Buat kawan yang sudah menonton film dokumenter ini tentu akan tergelitik untuk ikut berkomentar. Saya sendiri sampai begadang tidak lama setelah film ini diunggah di Youtube. Saat itu saya masih menonton di kanal milik PSHK. Lalu apa yang dapat saya tangkap dari penjelasan yang dipaparkan oleh tiga pakar hukum yang tidak bisa diragukan kompetensinya. Zainal Arifin Mochtar misalnya, selain seorang akademisi di bidang Hukum, pernah juga menempati posisi penting di badan pemerintahan dan BUMN. Tak jauh beda dengan Bivitri Susanti, beliau adalah seorang akademisi di bidang Hukum. Kiprahnya di dunia hukum sempat membuat dirinya menerima Anugerah Konstitusi M. Yamin dari Pusat Studi Konstitusi Universitas Andalas dan Asosiasi Pengajar Hukum Tata Negara-Hukum Administrasi Negara (APHTN-HAN) sebagai Pemikir Muda Hukum Tata Negara pada tahun 2018. Bukan kaleng-kaleng kalau kata anak muda sekarang. Feri Amsari sendiri adalah pendidik dan peneliti dengan hasil karya buku dan naskah penelitian di bidang hukum. Jadi kalau ada yang berkomentar Dirty Vote dibuat oleh orang yang tidak kompeten, itu berarti dia hanya bicara tanpa mencari informasi. Inilah yang membuat kenapa film dokumenter ini menarik untuk dibahas.

Dokumenter yang panjang hampir 2 jam ini, sebenarnya belum mengekstraksi semua permasalahan demokrasi yang sedang dikoyak-koyak oleh rezim Jokowi. Tentu bagi kawan yang sudah mengikuti sepak terjang politik Jokowi semenjak menjadi Presiden Indonesia di tahun 2014 hingga sekarang, ada kejengahan yang muncul. Terlebih lagi saat Pemilu 2019 yang sarat sekali dengan kecurangan tersistematis membuat nurani ini tercabik-cabik. Bagaimana mungkin polarisasi terjadi begitu masif dan dipermainkan oleh elit politik. Lebih menyakitkan lagi ketika pendukung Prabowo yang berharap dia tetap sebagai opisisi sesuai janjinya saat kampanye ternyata hanya “tipuan” belaka untuk mendulang suara para pemilih yang bergerak dengan hati, bukan karena sumbangan amplop ataupun paket bansos. Menyakitkan? Tentu sangat. Lalu apa yang disajikan oleh Dirty Vote paling tidak membuat kawan sekalian untuk membuka mata. Republik Indonesia sedang masuk cengkeraman oligarki yang sewenang-wenang lewat tangan penguasa negeri. Fakta potensi kecurangan yang dipaparkan oleh Dirty Vote memang bermuara lewat semakin bernafsunya Jokowi untuk berkuasa. Tapi pertanyaannya, apakah benar Jokowi yang mendesain semua ini? Bisa ya bisa juga bukan, karena ada banyak otak yang bermain di sini.

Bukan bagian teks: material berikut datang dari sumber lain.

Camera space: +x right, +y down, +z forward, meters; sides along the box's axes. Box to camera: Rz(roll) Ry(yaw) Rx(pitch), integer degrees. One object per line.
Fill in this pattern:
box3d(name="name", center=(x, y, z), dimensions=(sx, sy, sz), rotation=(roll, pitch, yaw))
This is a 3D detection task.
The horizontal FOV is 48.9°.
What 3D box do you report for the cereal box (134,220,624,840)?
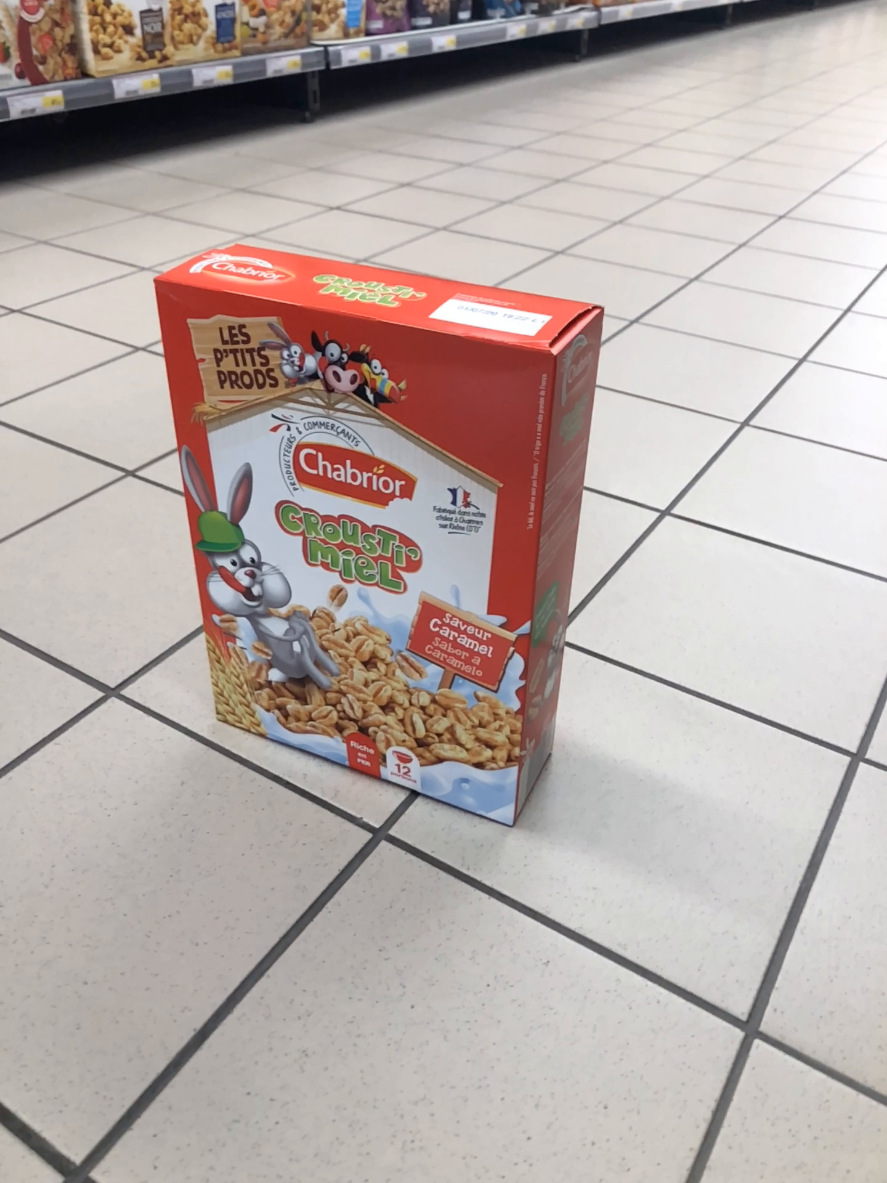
box3d(name="cereal box", center=(-0.033, -0.027, 0.492), dimensions=(0.200, 0.268, 0.070), rotation=(16, 37, 21))

Siapa yang kebakaran jenggot dengan munculnya film ini, sampai-sampai terkena Shadow Banned di Youtube. Bahkan, bukan hanya TKN02 yang klarifikasi, aparat pemerintah pun ikut-ikutan memberikan klarifikasi. Dokumenter ini bisa membuat ketiga pakar hukum di dalamnya dalam kondisi berbahaya. Masih ingat dengan kasus kematian 300an petugas KPPS yang diduga diracun? Bisa jadi ini akan terjadi kembali. Kalau nyawa 300an orang bisa dihilang begitu saja dengan dalih kelelahan saat bertugas, bisa saja mereka yang “hanya” bertiga dihilangkan dengan skenario busuk. Ini mungkin ada kecenderungan, tapi semoga Allah Azza Wa Jalla melindungi mereka semua yang terlibat di dokumenter ini.

Apa pandangan saya terkait film ini? TIDAK CUKUP! Karena sebenarnya ada banyak kejanggalan yang terjadi, walaupun mereka menjelaskannya mulai dari hulu (baca KASUS PAMAN DI MK) hingga manuver kabinet Jokowi dalam pilpres untuk memuluskan Dinasti Politik Jokowi. Kalau film dokumenter Sexy Killer di tahun 2019 membahas siapa yang diuntungkan atas terpilihnya Jokowi, Dirty Vote kembali menyambung benang merah atas rusaknya demokrasi di Indonesia. Kalau kawan bertanya, apa saja kejanggalan yang tidak dibahas. Ini salah satunya. Soal dana yang beredar dalam kampanye-kampanye politik, banyak sekali yang tidak terlaporkan. Bahkan Intelijen Keuangan dari PPATK mendapati bahwa traksaksi uang tunai meningkat drastis sejak tahun 2022 hingga 2024 menjelang masa tenang pemilu. Iya sih, ini memang tidak masuk dalam ranah bidang keahlian ketiga pakar di Dirty Vote, tapi ini menarik untuk dibahas. Dari mana asal uang yang dikeluarkan oleh masing-masing calon. Sekalipun Capres 01 yang dikatakan minim anggaran, tetap harus juga diusut tuntas. Apalagi dengan Capres 02 yang setiap kampanye sangat bombastis pengerahan massanya. Walaupun Prabowo paling tajir dibandingkan semua calon, bahkan kekayaannya masih lebih besar sekalipun semua kekayaan capres dan cawapres digabung, tetap saja aliran dana dari proyek-proyek Kemenhan harus diusut juga.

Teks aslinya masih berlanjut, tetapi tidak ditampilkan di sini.